Ozark Christian College and Lincoln Seminary
- Logo as of March 2024
- Former name: Ozark Bible College
- Motto: Training men and women for Christian service.
- Type: Private college
- Established: June 12, 1942 (Ozark Bible College) in Bentonville, Arkansas; 1946 moved to Joplin, Missouri; 1985 merged with Midwest Christian College
- Accreditation: Association for Biblical Higher Education
- Religious affiliation: Restoration Movement of Christian churches and churches of Christ
- President: Matt Proctor
- Students: 600
- Location: Joplin, Missouri, United States 37°06′13″N 94°30′40″W﻿ / ﻿37.10350°N 94.51102°W
- Colors: Navy and white
- Sporting affiliations: ACCA – Midwest Christian College Conference
- Mascot: Ambassador
- Website: occ.edu

= Ozark Christian College =

Private evangelical Christian college

Ozark Christian College and Lincoln Seminary (OCC/LS) is a private evangelical Christian college. Established in 1942 in Bentonville, Arkansas, it moved to Joplin, Missouri in 1946. It is affiliated with the Restoration Movement of Christian Churches and Churches of Christ. It emphasizes vocational preparation for preaching, missionary, worship, youth, and children's ministers.

==Academics==
As an institution of biblical higher education, Ozark Christian College prepares students to leave and serve in the church and other Christian ministries. A dual degree program with Missouri Southern State University lets students earn two bachelor's degrees—one from each college—to serve in various fields. OCC's hybrid master's program offers Christian ministry training at the graduate level. Ozark also offers an entire undergraduate degree online. Ozark is accredited by the Association for Biblical Higher Education and the Higher Learning Commission.

On June 1, 2024, Lincoln Christian Seminary, the embedded seminary of Lincoln Christian University, became
Lincoln Seminary at Ozark Christian College. Lincoln
Christian University was founded in 1944 in Lincoln, Illinois. Lincoln Christian Seminary was founded in 1952.
After 80 years of training leaders in the church, LCU announced the cessation of all academic operations on May
31, 2024, and the gifting of the seminary to OCC.

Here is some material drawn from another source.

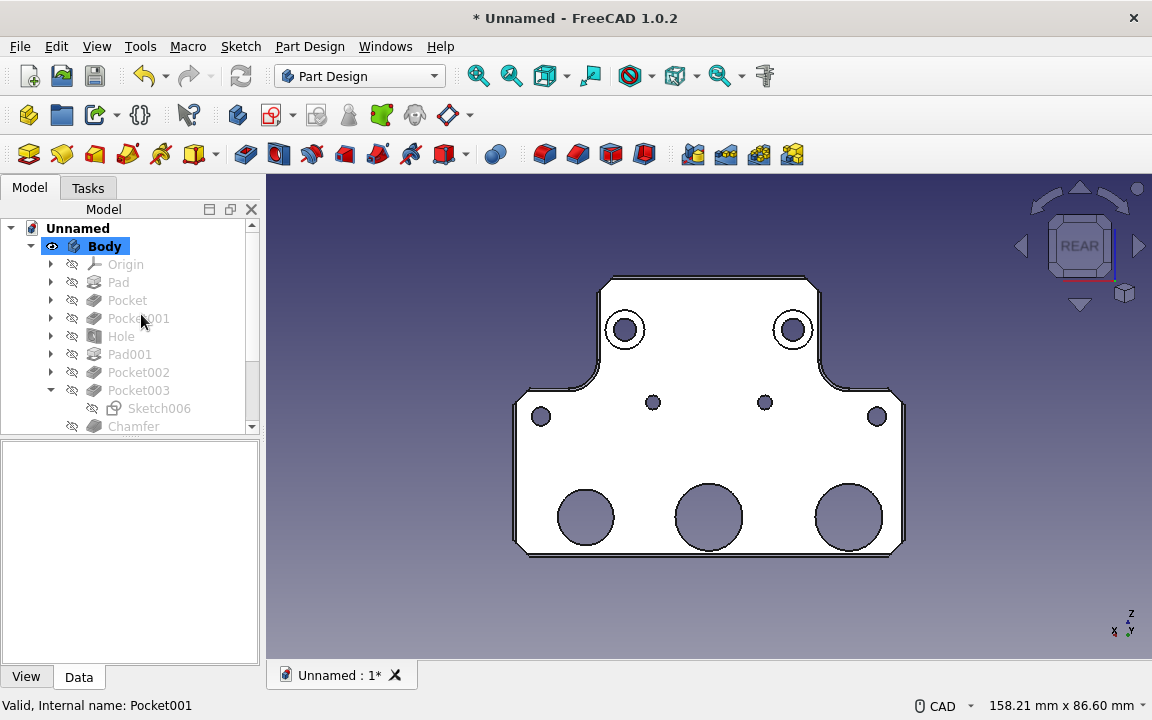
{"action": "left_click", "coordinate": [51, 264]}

Lincoln Seminary at OCC is accredited by The Association of Theological Schools.

==Athletics==
Ozark's varsity sports teams are known as the Ambassadors, a name taken from the Bible (2 Corinthians 5:20). Athletics include basketball, cross country, men's soccer, and women's volleyball. Varsity teams are members of the Association of Christian College Athletics, the Midwest Christian College Conference, and the National Christian College Athletic Association Division II. Non-varsity, intramural sports include Ultimate Frisbee, soccer, volleyball, and basketball. Ozark's Multi-Purpose Building offers students a full-size basketball/volleyball floor, indoor walking/running area, weight room, cardio room, locker rooms, and theater seating. The campus also includes outdoor basketball goals, tennis and Pickleball courts, a sand volleyball pit, and a soccer field.